People without children tend to have more socially liberal views despite ageing

Kate Ng
Wednesday 07 September 2022 13:07 BST
(Getty Images)

People who have children have a tendency to become more socially conservative compared to people who don’t, a study has found.

It is often thought that people’s views become more right-wing as they get older, but researchers have found that this may not be the case.

The study sought to understand how divisive attitudes on issues including abortion, immigration and sex arise.

Researchers from the University of Pennsylvania initially theorised that people who are “more invested in parental care” may lean more towards conservative policies and values.

As part of the study, they surveyed 2,610 people from across 10 countries and found evidence that people who are already parents or who want to become parents “are associated with increased social conservatism around the globe”.

However, people who do not have children consistently held more liberal views as they got older.

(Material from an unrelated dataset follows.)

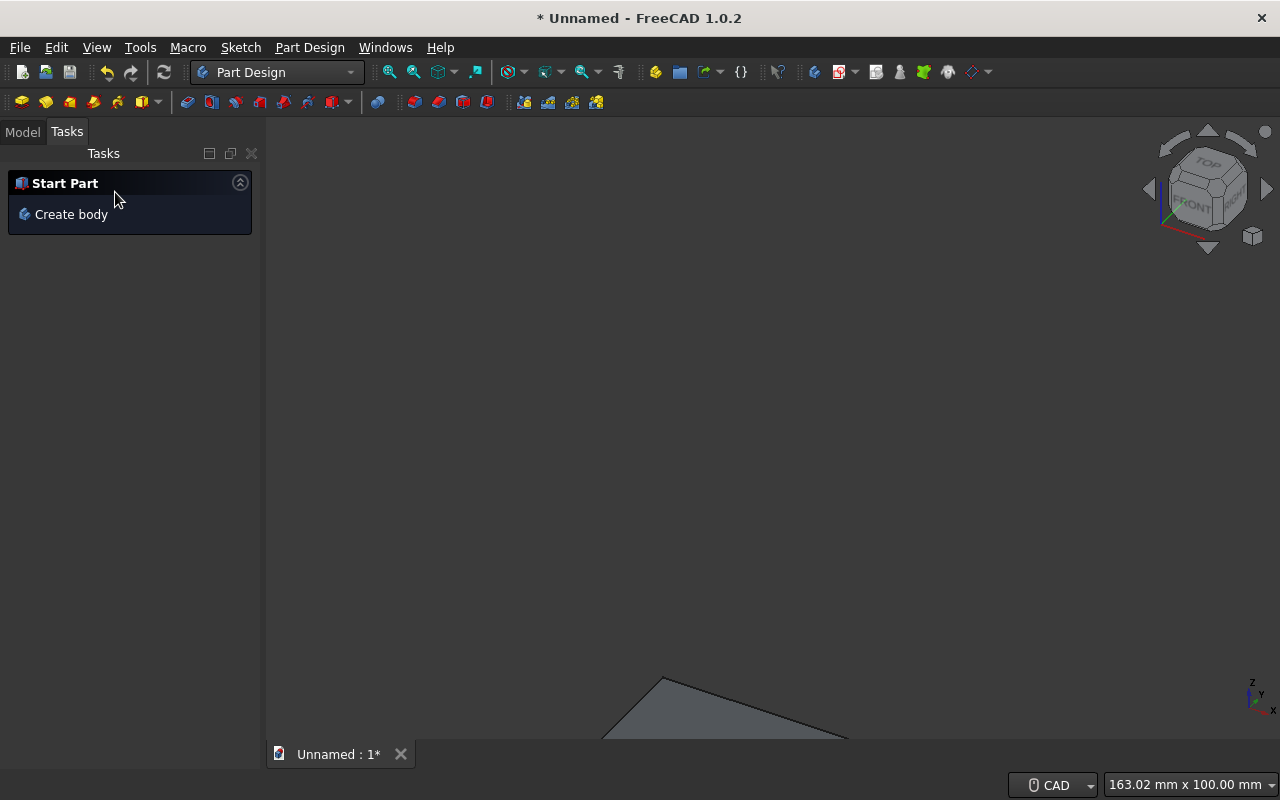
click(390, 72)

Professor Nicholas Kerry, co-author of the study, told Newsweek that the findings contradict the common belief that people tend to become more conservative with age.

“This belief is captured by the expression that, ‘Whoever is not a liberal at 20 has no heart, and whoever is not a conservative at 30 has no brain’,” he said.

“In fact, when you statistically control for the effects of parenthood, older people are no more socially conservative than younger people.”

The study, published in Proceedings of the Royal Society journal, also noted that with global fertility rates decreasing steadily since 1950, this could lead to a more liberal future.

“Given that birth rates are declining in most of the world – but increasing sharply in some regions – the current findings could have profound implications for the political landscape of the future,” the authors wrote.

“Specifically, our findings would suggest that global increases in childlessness could potentially contribute to a process of liberalisation on social issues.”

However, Professor Paul Higgins of University College London warned that the study’s shortcoming is that it reduces political leanings to a very specific set of personal experiences.

He told The Guardian that the study does not take the changes of later life into account or consider the effects of changes in society and social roles.

Prof Kerry added that despite the findings, it should be understood that political attitudes are “at least partly” the result of a person at a particular stage in life.

Understanding this can help people “understand that their own views might change sometimes too” due to having different priorities, and “not just because we have some special insight into the objective truth”, he said.